Instructions for the task:
Down to the last line, retype each line of the entries exactly, starting with the one that contains "Lengths in meters, angles".
===== Data for review =====
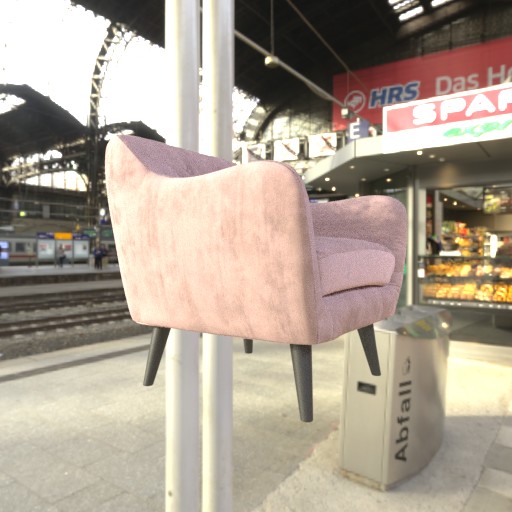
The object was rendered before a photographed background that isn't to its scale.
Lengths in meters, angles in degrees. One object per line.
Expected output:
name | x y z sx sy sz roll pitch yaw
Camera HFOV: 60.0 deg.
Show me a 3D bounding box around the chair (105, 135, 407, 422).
=====
Answer below:
Lengths in meters, angles in degrees. One object per line.
Expected output:
name | x y z sx sy sz roll pitch yaw
Camera HFOV: 60.0 deg.
Show me a 3D bounding box around the chair (105, 135, 407, 422).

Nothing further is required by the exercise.